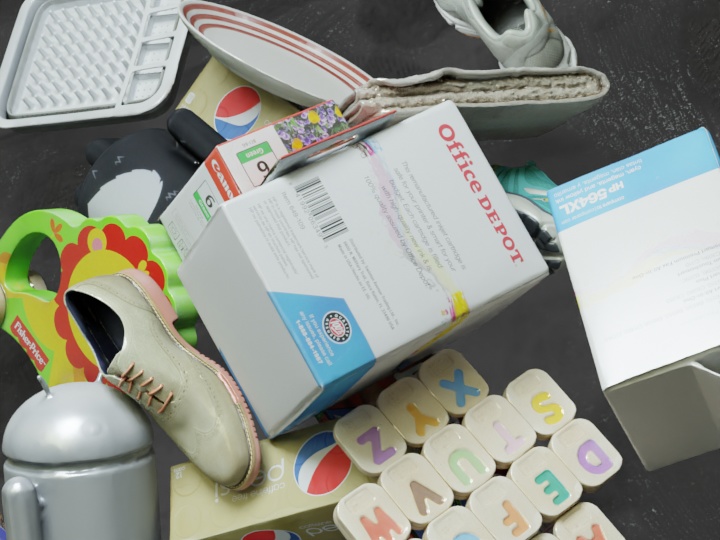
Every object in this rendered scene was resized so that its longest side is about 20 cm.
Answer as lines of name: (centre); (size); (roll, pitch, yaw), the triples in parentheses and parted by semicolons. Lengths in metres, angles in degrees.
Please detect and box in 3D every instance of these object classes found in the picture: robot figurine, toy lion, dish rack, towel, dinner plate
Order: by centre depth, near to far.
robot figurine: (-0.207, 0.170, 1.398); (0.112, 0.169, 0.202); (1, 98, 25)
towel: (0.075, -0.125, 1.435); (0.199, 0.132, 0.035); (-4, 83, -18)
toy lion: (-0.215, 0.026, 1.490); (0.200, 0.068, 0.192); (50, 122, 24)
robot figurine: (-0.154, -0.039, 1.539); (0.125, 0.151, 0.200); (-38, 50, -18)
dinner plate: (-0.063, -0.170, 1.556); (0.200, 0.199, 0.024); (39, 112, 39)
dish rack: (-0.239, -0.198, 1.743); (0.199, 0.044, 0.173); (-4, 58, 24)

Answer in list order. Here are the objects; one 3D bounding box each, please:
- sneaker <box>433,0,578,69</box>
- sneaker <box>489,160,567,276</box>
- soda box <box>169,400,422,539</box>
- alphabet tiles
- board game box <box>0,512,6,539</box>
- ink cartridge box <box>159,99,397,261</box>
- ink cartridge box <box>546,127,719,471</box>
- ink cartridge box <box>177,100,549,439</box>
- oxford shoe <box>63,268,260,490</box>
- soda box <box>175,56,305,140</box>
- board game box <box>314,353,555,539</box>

==

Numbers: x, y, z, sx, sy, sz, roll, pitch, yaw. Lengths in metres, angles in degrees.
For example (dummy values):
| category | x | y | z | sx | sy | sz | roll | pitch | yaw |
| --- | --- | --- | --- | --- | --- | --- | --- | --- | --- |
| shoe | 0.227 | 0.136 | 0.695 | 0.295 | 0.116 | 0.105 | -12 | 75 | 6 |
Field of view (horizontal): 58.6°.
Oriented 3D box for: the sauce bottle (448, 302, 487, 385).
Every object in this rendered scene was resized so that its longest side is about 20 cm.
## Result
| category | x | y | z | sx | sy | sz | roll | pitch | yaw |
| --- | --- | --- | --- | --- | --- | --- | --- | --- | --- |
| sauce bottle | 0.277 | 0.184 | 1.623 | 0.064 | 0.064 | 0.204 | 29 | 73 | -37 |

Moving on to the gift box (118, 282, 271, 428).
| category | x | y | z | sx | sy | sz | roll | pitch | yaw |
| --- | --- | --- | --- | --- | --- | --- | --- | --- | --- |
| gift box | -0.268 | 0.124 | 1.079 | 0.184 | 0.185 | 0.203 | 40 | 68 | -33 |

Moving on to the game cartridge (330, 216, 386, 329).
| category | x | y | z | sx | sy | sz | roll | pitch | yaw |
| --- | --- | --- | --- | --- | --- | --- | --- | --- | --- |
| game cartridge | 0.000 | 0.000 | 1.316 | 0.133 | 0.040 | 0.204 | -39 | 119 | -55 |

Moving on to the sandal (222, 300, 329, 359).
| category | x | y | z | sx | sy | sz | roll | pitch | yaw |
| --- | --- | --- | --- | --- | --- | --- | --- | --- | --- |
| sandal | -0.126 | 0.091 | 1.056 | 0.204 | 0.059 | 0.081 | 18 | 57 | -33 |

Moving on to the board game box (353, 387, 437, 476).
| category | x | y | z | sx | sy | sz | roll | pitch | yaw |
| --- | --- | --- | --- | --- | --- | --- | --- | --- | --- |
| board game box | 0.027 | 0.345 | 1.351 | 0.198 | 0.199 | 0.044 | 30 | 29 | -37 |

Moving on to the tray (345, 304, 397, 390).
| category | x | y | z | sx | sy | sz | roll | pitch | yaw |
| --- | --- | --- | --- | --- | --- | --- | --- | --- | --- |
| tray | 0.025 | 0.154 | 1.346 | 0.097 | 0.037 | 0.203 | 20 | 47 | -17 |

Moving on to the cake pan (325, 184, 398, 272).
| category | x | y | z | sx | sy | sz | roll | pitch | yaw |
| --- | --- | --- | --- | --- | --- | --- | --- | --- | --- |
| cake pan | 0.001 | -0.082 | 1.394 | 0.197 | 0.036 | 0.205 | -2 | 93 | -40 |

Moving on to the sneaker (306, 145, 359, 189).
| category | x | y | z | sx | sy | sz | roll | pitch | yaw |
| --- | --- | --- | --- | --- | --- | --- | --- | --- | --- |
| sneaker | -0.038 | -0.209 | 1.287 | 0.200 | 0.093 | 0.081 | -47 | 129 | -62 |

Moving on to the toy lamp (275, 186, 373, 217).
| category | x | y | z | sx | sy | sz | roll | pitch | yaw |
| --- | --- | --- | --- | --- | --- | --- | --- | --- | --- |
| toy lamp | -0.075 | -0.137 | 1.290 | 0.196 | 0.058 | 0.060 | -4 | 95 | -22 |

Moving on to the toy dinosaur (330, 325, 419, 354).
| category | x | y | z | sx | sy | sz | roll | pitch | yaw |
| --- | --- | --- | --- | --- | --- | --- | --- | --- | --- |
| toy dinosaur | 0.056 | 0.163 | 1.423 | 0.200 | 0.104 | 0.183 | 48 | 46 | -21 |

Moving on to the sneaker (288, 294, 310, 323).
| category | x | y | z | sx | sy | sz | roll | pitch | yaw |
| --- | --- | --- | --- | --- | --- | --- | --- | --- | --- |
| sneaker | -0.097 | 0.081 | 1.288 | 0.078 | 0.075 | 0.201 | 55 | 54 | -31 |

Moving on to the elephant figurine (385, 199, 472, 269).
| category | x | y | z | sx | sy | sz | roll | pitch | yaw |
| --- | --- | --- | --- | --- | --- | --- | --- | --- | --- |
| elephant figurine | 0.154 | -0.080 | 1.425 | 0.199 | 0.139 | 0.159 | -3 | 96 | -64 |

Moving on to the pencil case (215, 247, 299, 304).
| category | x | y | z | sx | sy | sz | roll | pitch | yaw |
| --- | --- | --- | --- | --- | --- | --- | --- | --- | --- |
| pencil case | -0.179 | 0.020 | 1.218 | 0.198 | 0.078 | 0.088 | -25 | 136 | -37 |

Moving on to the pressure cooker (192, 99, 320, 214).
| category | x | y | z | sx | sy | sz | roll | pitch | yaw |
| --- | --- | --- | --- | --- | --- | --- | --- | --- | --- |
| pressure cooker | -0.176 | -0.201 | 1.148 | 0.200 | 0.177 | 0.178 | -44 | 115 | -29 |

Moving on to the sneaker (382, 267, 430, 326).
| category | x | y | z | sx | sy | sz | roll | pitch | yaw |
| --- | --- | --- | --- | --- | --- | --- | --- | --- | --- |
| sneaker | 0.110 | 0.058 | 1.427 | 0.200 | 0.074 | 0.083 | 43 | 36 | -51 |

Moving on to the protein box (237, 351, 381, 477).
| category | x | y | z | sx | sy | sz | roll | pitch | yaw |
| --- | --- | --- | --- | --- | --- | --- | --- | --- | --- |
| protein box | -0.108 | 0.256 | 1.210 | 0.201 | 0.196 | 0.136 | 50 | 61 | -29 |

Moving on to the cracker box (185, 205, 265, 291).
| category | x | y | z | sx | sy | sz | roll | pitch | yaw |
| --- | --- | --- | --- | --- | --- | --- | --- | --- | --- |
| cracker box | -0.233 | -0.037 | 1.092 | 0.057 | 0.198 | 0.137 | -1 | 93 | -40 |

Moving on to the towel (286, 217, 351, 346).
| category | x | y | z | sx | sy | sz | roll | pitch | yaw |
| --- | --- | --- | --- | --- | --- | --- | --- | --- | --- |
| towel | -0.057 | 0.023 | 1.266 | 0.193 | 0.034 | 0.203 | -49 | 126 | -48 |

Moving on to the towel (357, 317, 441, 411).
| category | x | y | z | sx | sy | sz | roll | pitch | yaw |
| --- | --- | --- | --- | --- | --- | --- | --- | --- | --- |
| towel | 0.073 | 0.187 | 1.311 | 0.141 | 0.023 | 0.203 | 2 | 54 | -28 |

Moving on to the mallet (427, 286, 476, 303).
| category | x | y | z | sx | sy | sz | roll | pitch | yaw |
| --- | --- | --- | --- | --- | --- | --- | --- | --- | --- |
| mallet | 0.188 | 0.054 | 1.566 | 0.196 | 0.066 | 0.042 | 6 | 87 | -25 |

• [Prompt]: Begin at the line that has "- ink cartridge box <box>546,127,719,471</box>" in the entries above; stop after the line that has "- board game box <box>314,353,555,539</box>". Transcribe exactly those lines and no others.

• [Solution]:
- ink cartridge box <box>546,127,719,471</box>
- ink cartridge box <box>177,100,549,439</box>
- oxford shoe <box>63,268,260,490</box>
- soda box <box>175,56,305,140</box>
- board game box <box>314,353,555,539</box>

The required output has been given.